佛子身上半披著的金蓮袈裟落了下來,連著金蓮杖一起,被雷音大師接到了手上。
他雙手合十閉上眼睛,嘴角翹著,一滴淚落了下來。若說佛有拈花一笑之慈悲,便也似他這般了。可與這形成對比的,卻是,自他胸口而出的一團黑影。

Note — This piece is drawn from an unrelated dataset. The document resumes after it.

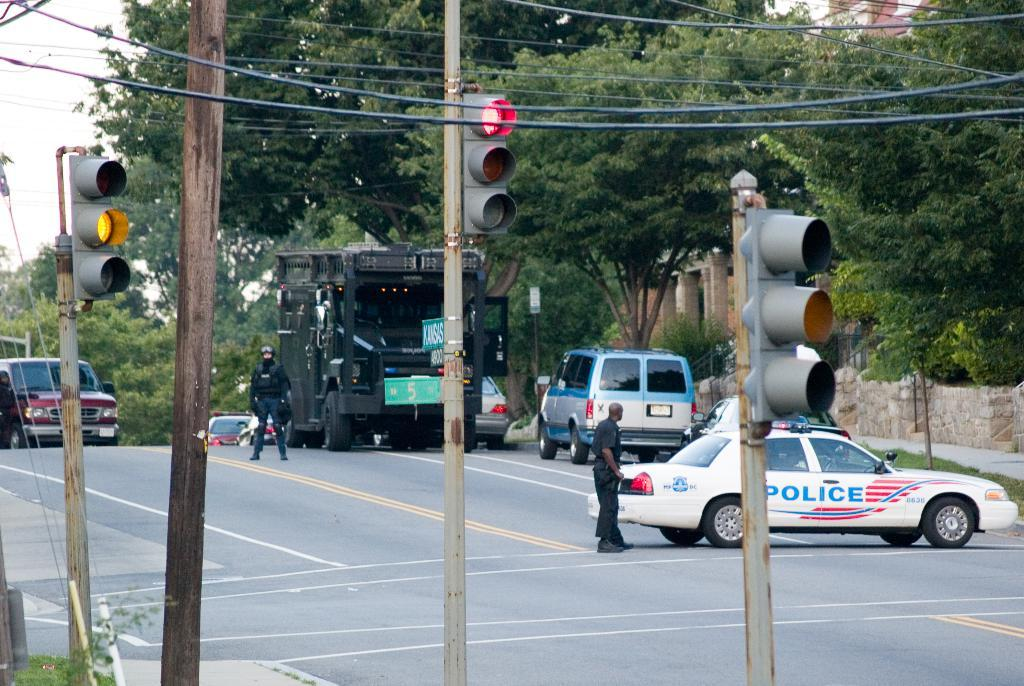<image>
Write a terse but informative summary of the picture. A police car blocks an intersection across a four lane highway. 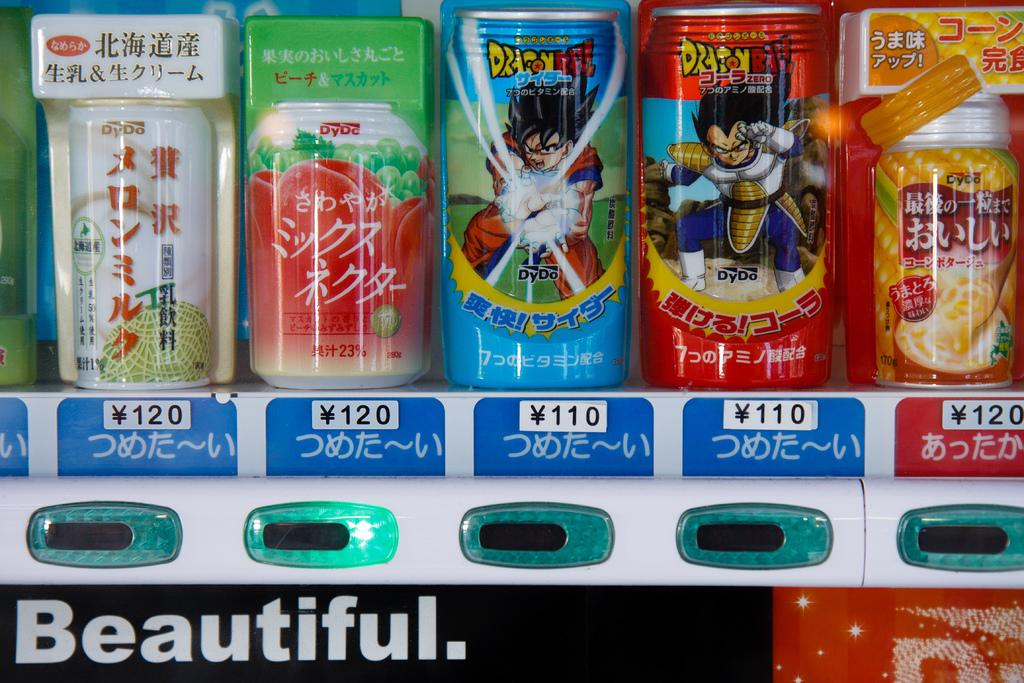What type of containers are visible in the image? There are beverage tins in the image. Can you describe the contents of the tins? The contents of the tins are not visible in the image, but they are likely beverages. Are there any other objects or items visible in the image? The provided facts do not mention any other objects or items in the image. Who won the competition involving the beverage tins in the image? There is no competition involving the beverage tins in the image, so it is not possible to determine a winner.

黑色梵文與地涌黑蓮使得這團黑影更加瘋狂,它狂亂呼嘯著,試圖往外,卻偏偏無法遠離佛子的身體。
這時,沈朝雲也落了地。
如霜如雪的白袍將他那張無情無緒的臉勾勒得恍若仙人。
他看向佛子,指尖一點昆吾,劍上蛟龍嘯吟,在鼓脹的袍袖裡,蛟龍咬住那黑影,一點點往外拖拽。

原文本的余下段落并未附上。